# '68 stingray 5 speed seat



## Brian Boothe (May 16, 2017)

does anyone have a picture of what the original seat would be?
I just picked up a '68 sky blue stingray in pieces and they didn't have the seat.  need one for resto.

also a pic of original grip color would be great.  some sparkly green ones came in a bucket.  pretty sure those don't go to this bike

Thanks!!


----------



## rfeagleye (May 16, 2017)

The seat on a 1968 would be a Silver Glow seat. Just silver glitter, heat pressed stripes, with no chrome mylar inlays. Also, the stripes on a 1968 seat are somewhat closer together than on other years. Take a look at some on eBay and compare them, you'll see what I mean.

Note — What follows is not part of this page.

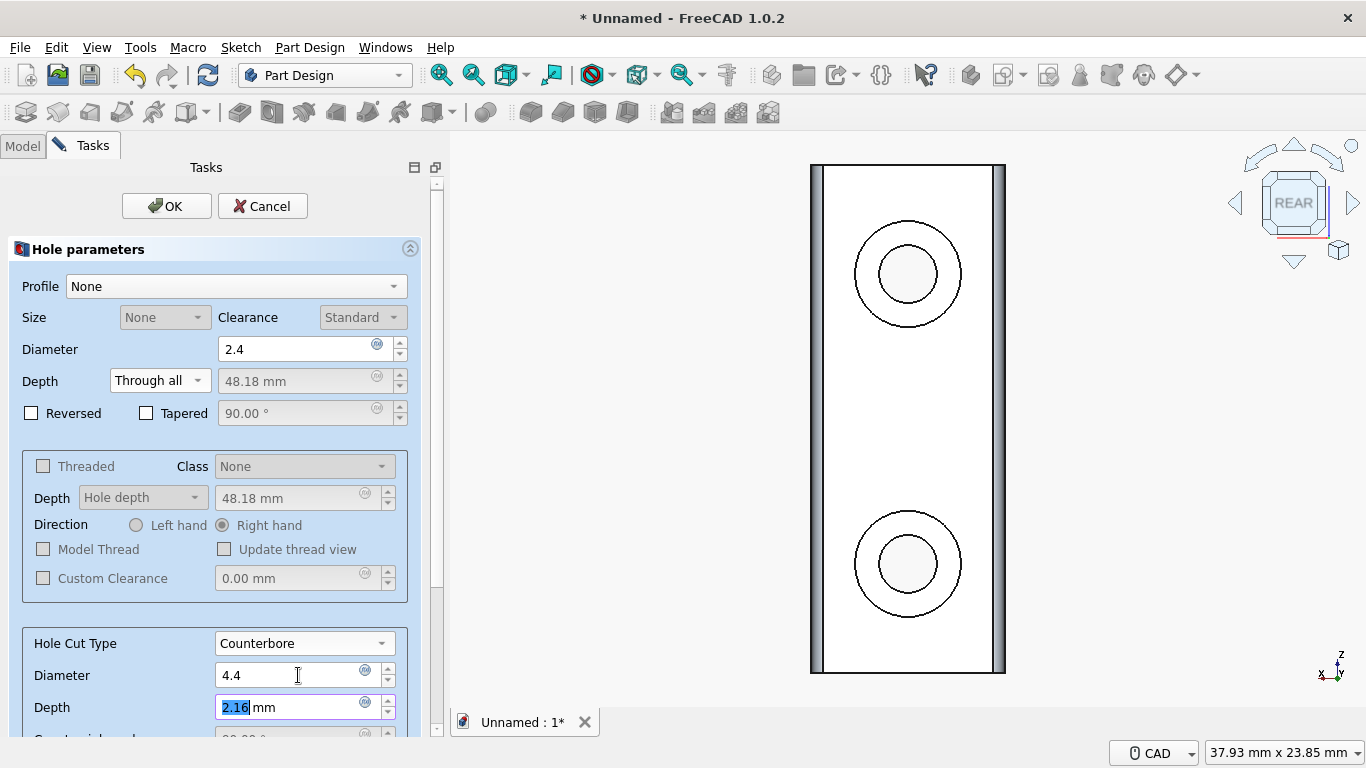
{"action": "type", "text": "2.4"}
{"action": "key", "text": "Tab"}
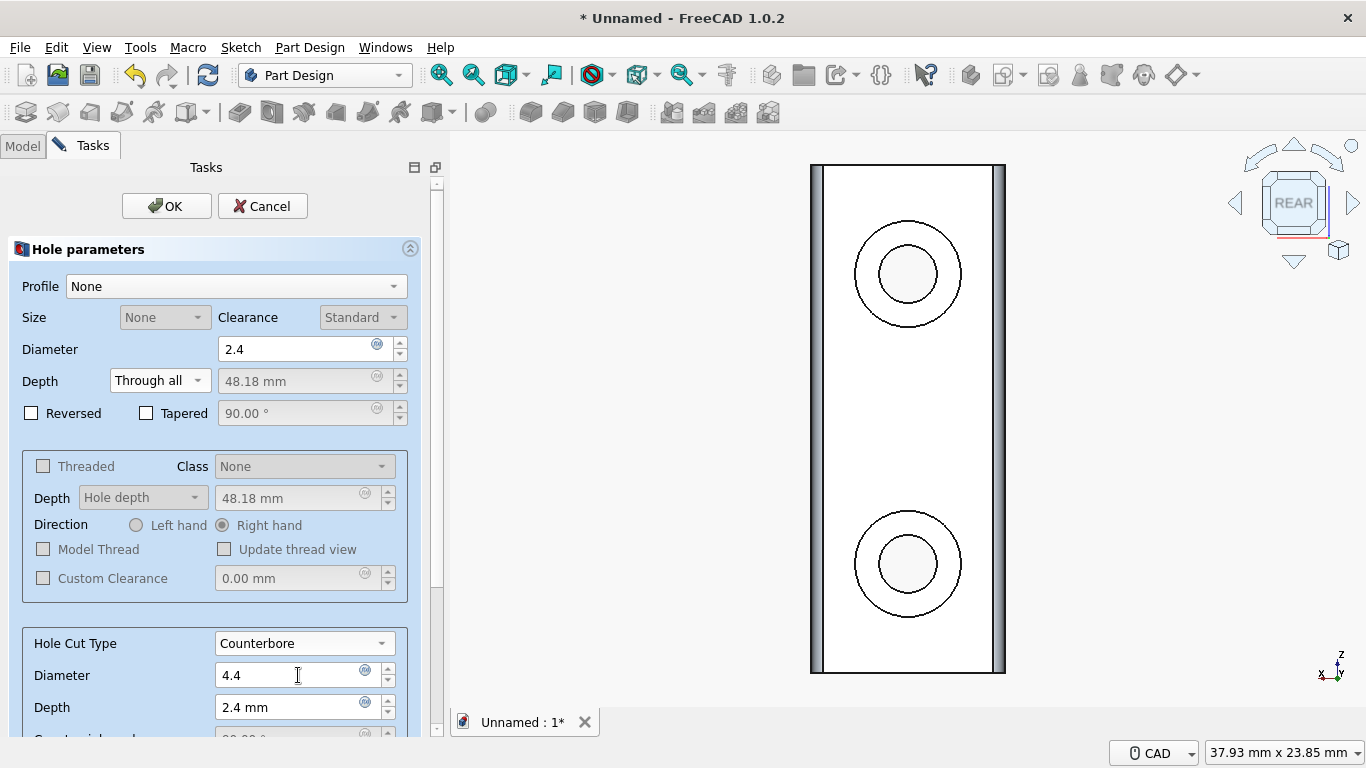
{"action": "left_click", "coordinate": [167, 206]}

The grips for the bike would be Sly Blue Glitter slimline grips. Hope that helps!


----------



## Brian Boothe (May 16, 2017)

Excellent! I have a seat laying around that may match that description. Did the pan have a reflector bracket? This bike I got has the reflector bracket that attaches to sissy bar.


----------



## rfeagleye (May 17, 2017)

The stock seats on Schwinn Sting-Ray bikes had a welded on reflector "tab" on the bottom of the pan. Schwinn did sell over the counter banana seats that didn't have the tab welded on the pan, but included a bracket for the reflector. I don't know why there was a difference with the over the counter seats, maybe another Caber knows.

However, if you have a silver glow seat with a Schwinn Sting-Ray tag on the back, bolt that sucker on, reflector tab or reflectors bracket


----------



## Darthvader (May 17, 2017)

The reason they hod no reflector tab is because the seats were stacked in shipping boxes and getting damaged. Person reccomended that Schwinn remove the welded on brackets on bulk replacement and accessory seats.


----------